The study showed that there is an oversupply of the production function in China’s plains areas. There is a surplus of ecological function supply and demand in the Yangtze River Economic Belt and northeastern Inner Mongolia. However, the living function of farmland is undersupplied, especially in non-plain areas. The supply–demand degree of production and living function of farmland shows a significant spatial negative correlation with transfer prices. This correlation becomes more pronounced over time. In contrast, the spatial positive correlation between the supply–demand degree of the ecological function and transfer prices is continually strengthening. Additionally, the study found significant differences in the quantity and distribution of different land function areas. The surplus-type coordinated development zones account for the largest proportion, with balanced development zones mainly concentrated in the southeastern coastal areas. In contrast, the deficit-type disordered and declining zones include only a few cities.

To seek pathways for realizing the value of farmland multifunction. Attention must be paid to the supply–demand matching level of farmland functions. Starting from the spatial autocorrelation relationship between the supply–demand degree of farmland functions and farmland transfer prices. Dynamic regulation of both parties’ preferences for the supply and demand of farmland functions is necessary. This can help address the issue of price illusion caused by the valuation of farmland multifunction. Additionally, attention should be paid to the supply level of each farmland function. Enhancing the awareness of both parties regarding the various functions of farmland is essential. Increasing the demand for various farmland functions in economic development is crucial. The price management system for different farmland zones should be improved. Exploration of improved methods for valuing land transfer prices is necessary. This will help reasonably tap into the value of farmland multifunction in different regions.

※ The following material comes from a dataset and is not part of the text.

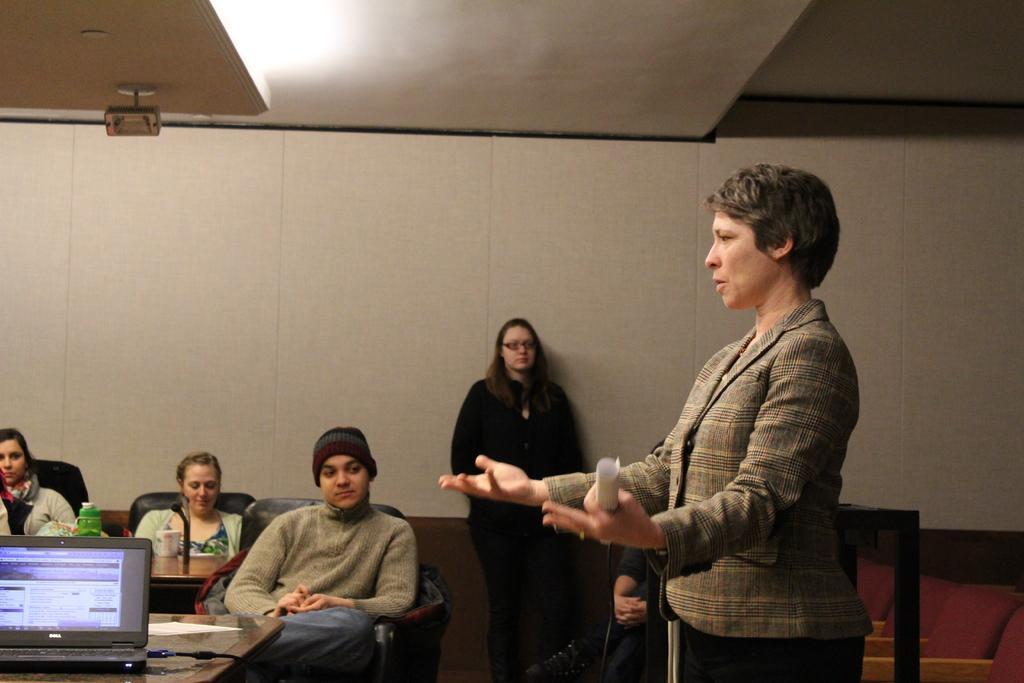Could you give a brief overview of what you see in this image? Here in this picture we can see a woman standing and we can see a paper in her hand and she is trying to explain something to the people who are sitting in front of her on the chairs over there and we can see a table in front of them and on that table we can see a laptop present and beside her we can see another woman standing over the wall and at the top we can see a projector and a light present over there. 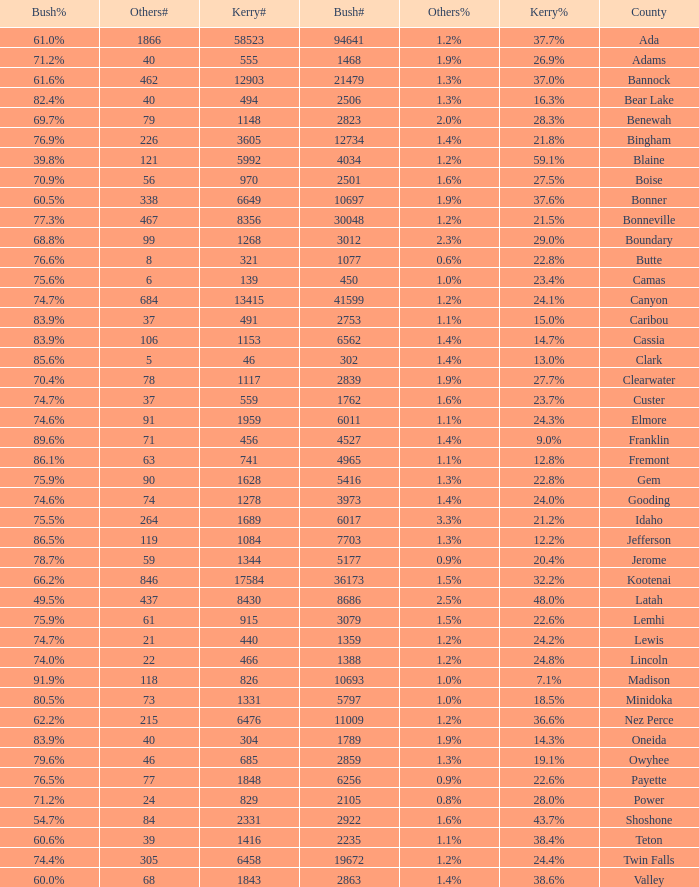How many different counts of the votes for Bush are there in the county where he got 69.7% of the votes? 1.0.

The spatial distribution of farmland supply–demand relationships tends to change with scale [25]. However, such research is limited by the constraints of existing data. Therefore, building a more systematic database and quantifying alternative indicators would be beneficial. This will better facilitate the exploration of the temporal dynamics of supply–demand relationships. Moreover, due to the complexity of the land system and the limitations of data availability. The indicator system used in this study to characterize the supply–demand of farmland multifunction still needs further improvement. The methods for selecting and measuring landscape and cultural supply–demand indicators in ecological function will be improved. The relationship between farmland supply–demand and transfer prices will be deeply studied among micro-scales, such as counties, villages, and households. This will promote the sustainable use of farmland and improve precise management mechanisms for farmland transfer prices.